Entries taken from a collection

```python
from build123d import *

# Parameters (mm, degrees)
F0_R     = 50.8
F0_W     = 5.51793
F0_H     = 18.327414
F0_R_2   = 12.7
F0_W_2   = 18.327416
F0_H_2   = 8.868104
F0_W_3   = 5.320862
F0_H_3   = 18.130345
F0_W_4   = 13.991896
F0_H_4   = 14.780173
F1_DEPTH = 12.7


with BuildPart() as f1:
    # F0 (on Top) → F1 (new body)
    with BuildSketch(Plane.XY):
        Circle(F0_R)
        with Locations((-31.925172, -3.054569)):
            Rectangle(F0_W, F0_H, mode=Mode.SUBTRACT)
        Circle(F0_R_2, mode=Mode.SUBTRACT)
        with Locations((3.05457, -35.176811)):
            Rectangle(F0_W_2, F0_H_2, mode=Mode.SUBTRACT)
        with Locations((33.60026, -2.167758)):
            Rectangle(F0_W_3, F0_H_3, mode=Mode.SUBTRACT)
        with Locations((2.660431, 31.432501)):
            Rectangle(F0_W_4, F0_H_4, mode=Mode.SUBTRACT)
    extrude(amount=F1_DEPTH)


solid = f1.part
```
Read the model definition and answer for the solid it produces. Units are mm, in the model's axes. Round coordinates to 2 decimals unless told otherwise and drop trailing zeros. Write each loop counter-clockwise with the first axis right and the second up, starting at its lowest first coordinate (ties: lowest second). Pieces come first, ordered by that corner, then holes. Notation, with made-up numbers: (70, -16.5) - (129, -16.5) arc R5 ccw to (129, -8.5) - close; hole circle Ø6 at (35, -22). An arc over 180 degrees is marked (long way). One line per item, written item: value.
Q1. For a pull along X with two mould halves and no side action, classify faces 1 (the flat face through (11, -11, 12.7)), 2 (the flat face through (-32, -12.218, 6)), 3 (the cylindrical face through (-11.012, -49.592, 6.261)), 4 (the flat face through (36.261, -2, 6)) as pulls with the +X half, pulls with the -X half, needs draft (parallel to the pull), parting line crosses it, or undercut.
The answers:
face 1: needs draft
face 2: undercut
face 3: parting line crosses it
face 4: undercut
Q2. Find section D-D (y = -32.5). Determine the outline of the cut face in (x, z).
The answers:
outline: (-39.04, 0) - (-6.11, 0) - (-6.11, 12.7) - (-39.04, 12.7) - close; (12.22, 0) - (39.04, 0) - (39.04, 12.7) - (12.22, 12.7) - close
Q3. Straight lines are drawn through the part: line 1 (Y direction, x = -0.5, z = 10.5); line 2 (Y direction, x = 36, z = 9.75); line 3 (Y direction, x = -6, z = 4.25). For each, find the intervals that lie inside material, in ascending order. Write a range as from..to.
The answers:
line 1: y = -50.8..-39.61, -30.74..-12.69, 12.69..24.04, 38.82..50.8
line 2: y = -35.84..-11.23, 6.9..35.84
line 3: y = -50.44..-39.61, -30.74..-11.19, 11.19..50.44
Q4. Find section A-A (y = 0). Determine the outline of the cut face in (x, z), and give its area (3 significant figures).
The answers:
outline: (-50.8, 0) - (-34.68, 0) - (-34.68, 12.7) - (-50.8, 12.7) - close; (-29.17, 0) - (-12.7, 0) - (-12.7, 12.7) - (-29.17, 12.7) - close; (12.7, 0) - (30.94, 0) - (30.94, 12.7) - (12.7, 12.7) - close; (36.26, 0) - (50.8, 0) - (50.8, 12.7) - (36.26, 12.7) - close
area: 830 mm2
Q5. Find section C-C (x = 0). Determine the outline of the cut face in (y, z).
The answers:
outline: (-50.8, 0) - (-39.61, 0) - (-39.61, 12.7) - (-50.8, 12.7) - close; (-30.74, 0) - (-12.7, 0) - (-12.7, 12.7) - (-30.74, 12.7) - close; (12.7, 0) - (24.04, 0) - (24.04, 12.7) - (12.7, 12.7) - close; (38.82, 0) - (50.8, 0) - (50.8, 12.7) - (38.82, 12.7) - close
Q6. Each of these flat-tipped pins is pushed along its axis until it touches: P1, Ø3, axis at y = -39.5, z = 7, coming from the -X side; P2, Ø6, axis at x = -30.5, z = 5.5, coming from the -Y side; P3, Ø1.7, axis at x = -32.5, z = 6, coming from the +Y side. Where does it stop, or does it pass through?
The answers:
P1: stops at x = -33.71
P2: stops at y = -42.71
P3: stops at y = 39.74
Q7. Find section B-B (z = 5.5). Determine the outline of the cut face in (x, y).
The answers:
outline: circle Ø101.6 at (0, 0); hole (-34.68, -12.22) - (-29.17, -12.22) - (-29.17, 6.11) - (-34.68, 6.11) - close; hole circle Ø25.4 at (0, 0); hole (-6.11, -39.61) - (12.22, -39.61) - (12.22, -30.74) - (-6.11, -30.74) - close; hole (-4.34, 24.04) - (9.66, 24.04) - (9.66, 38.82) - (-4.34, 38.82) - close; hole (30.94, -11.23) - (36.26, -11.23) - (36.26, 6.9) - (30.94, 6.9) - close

_What you need to do:_ Above are some records; copy each line there that contains "area".

_Result:_
Q4. Find section A-A (y = 0). Determine the outline of the cut face in (x, z), and give its area (3 significant figures).
area: 830 mm2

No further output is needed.